Friday, January 25, 2008

WELL WHO WOULD HAVE THUNK IT - THIS IS MY 100TH BLOG POST. IT HAS BEEN A FASCINATING JOURNEY FOR ME, AND ONE OF THE MOST AMAZING THINGS HAS BEEN TO HAVE PEOPLE IN 104 COUNTRIES VISIT THE BLOG.....FOUR FROM VANUATU, TWO FROM KAZAKSTAN AND LOTS FROM GREECE....I LOVE IT, WELCOME ONE AND ALL!

READING:

If prizes were handed out for the most unusual book-titles of the year, Salmon Fishing in the Yemen by Paul Torday would certainly be on the short list. This is a book you may well have seen piled up in bookstores over the past twelve months as it was one of the Richard & Judy bookclub Summer Reads for 2007. I admit I had seen it but for some reason had never bothered to pick it up.

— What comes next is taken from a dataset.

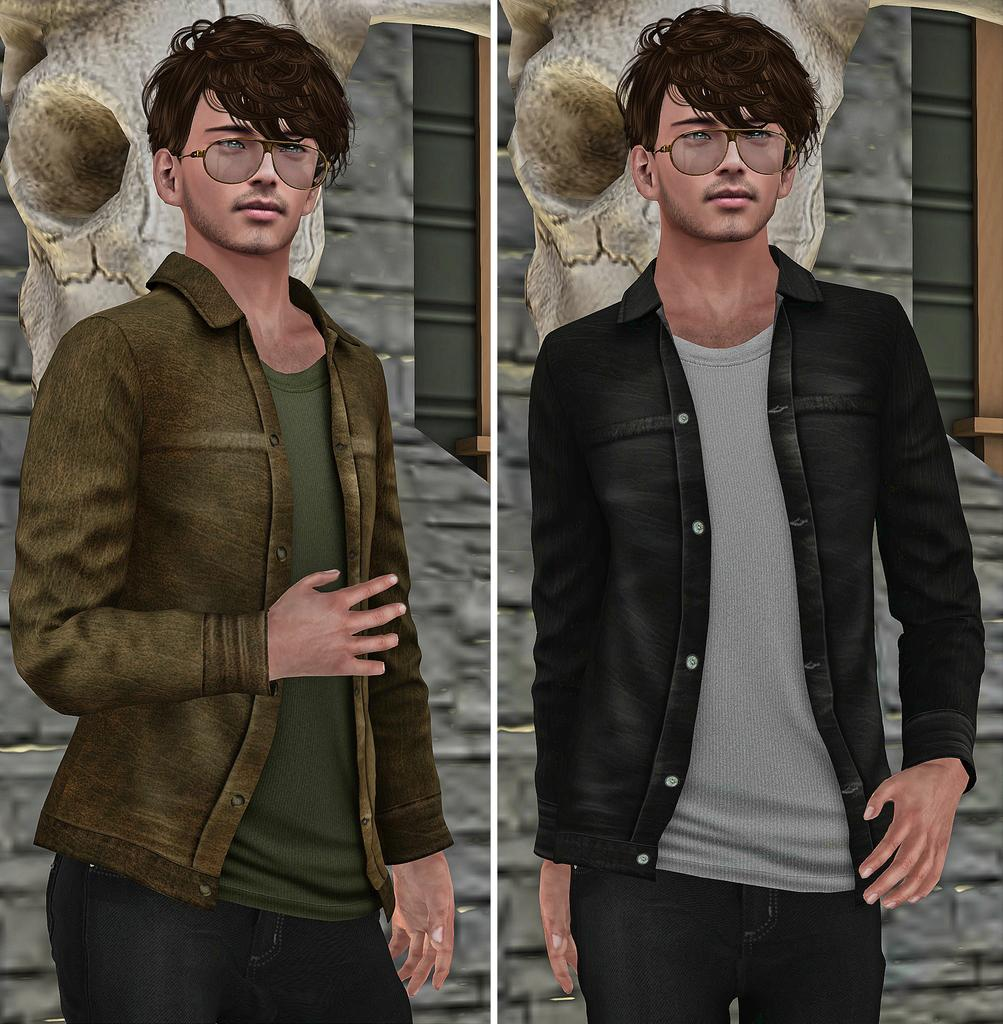What type of image is being described? The image is animated and a collage of two images. Are the two images in the collage similar or different? Both images in the collage are the same. What can be seen in the background of the image? There is a wall in the background of the image. Who or what is in the middle of the image? A man is standing in the middle of the image. What type of potato is being used in the battle depicted in the image? There is no battle or potato present in the image; it features an animated collage of two similar images with a man standing in the middle and a wall in the background.

This last fortnight I have been laid low with a horrendous flu-like virus which seems to have been doing the rounds, and a friend dropped a copy of SFinTY round to distract me and stop me feeling so sorry for myself! It was the perfect tonic, and I am so glad it did not pass me by.

Dr Alfred Jones is a fisheries scientist employed by a government department. He is married, without children, to a very bossy, high-handed woman who earns more than he does and patronises him in every possible way. Out of the blue, Dr Jones is approached to do a feasibility study for a project to create a salmon river in the Yemen, something he initially dismisses out of hand as a completely daft idea. However, the scheme has come to the notice of various politicians who want the project to go ahead for a variety of self-serving political reasons. Dr Jones ends up being forced to take on the scheme, and to try to figure out how to get 10,000 salmon out to the Yemen, and how to get water in a Yemeni wadi to meet the conditions necessary for their survival.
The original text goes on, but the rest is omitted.